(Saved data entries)
[Start of Attachment]

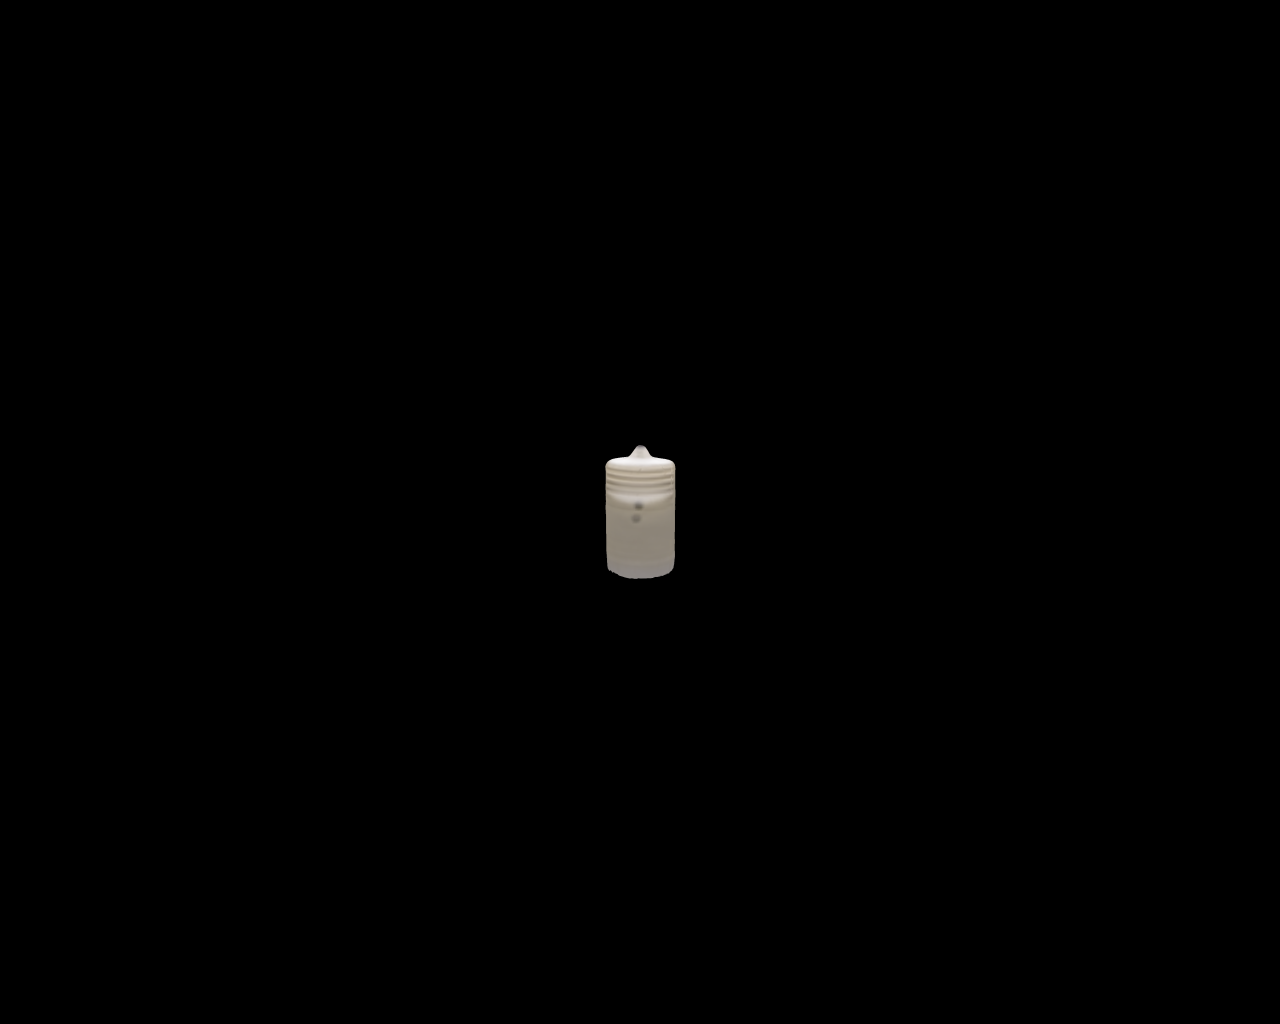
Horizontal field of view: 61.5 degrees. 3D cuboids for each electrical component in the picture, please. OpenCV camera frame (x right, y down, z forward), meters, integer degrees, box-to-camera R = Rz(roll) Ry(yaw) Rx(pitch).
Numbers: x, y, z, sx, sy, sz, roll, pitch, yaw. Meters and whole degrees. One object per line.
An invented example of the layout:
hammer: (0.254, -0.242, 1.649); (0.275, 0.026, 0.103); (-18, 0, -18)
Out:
electrical component: (0.001, -0.003, 0.650); (0.043, 0.080, 0.043); (0, 16, 0)

[End of Attachment]

### Exercise:
Transcribe exactly, starting at the line with "Numbers: x, y, z, sx, sy, sz, roll, pitch, yaw." and continuing through the last line of the data above; leave out all earlier lines.

### Task output:
Numbers: x, y, z, sx, sy, sz, roll, pitch, yaw. Meters and whole degrees. One object per line.
An invented example of the layout:
hammer: (0.254, -0.242, 1.649); (0.275, 0.026, 0.103); (-18, 0, -18)
Out:
electrical component: (0.001, -0.003, 0.650); (0.043, 0.080, 0.043); (0, 16, 0)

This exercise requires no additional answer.